Each new technological revolution requires companies to rethink their strategies to work in the new world. It’s no secret that rights holders have typically been quite adverse to any new revolution which has the potential to impact their current business model and that’s with good reason, their livelyhood is at stake. We could well be heading into an era where large corporations are replaced by many smaller companies which are more capable of responding to the fast pace technologically driven world we live in today, as the article up the top shows. Who knows maybe these pirates will one day be considered the pioneers of the new digital revolution for media and held up as heroes rather than criminals.
I think it may be a long time before that happens. 😉
I pirate my share of things. Always have, always will. My reasons for it have changed over the years but the thing I have always stood by is:
1) Make it a fair price (That is a personal judgement there)
2) Make it easier to get it legally than to get it free.
For example, lets take a game I have been pouring my time into recently, Borderlands.
1) If I went out and bought the game from EB or Game it would cost me ~A$90. No way, too expensive. Off steam, ~A$35. Fair price. I am happy to pay that.
2) Pirating it, I saw borderlands crop up on my torrent site. So I could add the torrent, download, unpack the Rar’s, install, crack it. If a patch comes out, I have to uncrack it, patch it crack it again. Or I could click “add to cart” on steam, confirm the purchase and I am done.
This should not be a hard question. This should not even be an ongoing debate. It is so unfathomable that content makers are decrying piracy while Valve sits there making more money than they know what to do with, occasionally rousing themselves to say “Sorry? Piracy? huh?”
I understand that not everyone can create the next Steam but that shouldn’t stop people from learning those lessons.
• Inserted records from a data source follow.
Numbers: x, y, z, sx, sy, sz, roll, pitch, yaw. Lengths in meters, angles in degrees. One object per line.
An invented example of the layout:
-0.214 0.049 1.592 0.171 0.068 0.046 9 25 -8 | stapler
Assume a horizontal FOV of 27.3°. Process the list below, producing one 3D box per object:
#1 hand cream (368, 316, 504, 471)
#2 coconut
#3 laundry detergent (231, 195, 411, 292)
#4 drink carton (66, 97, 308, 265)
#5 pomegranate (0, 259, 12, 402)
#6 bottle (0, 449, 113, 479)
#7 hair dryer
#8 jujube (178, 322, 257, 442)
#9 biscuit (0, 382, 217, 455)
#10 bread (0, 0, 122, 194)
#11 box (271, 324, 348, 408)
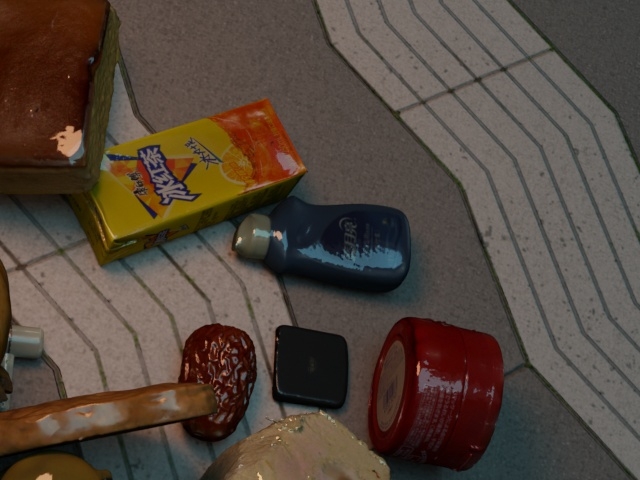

Exactly, the value from that you derived from the legitimate copy was far above the pirated copy so you went for it. Steam was ahead of its time when it came out (and in fact back then it was more a hinderance than a help) and Valve is now reaping the benefits of a distribution platform that meets and in most cases beats out the pirated alternative. For someone like me who gets all his steam content for free (thank you Internode!) it makes the legimate versions that much more appealing, although I’m still a sucker for collector’s editions 😉
We’ve yet to see this be replicated through other copyright based industries and I’d wager that its mostly due to their track record of opposing technology. The games industry as a general rule has grown as rapidily as the technology has allowed it and thus so have their business models. Publishers are now becoming more and more aware that slapping DRM on something does nothing to help their sales. Even more interesting is the experiments in price reductions that have been rampant on Steam, which have always lead to a massive increase in real sales (not just units moved).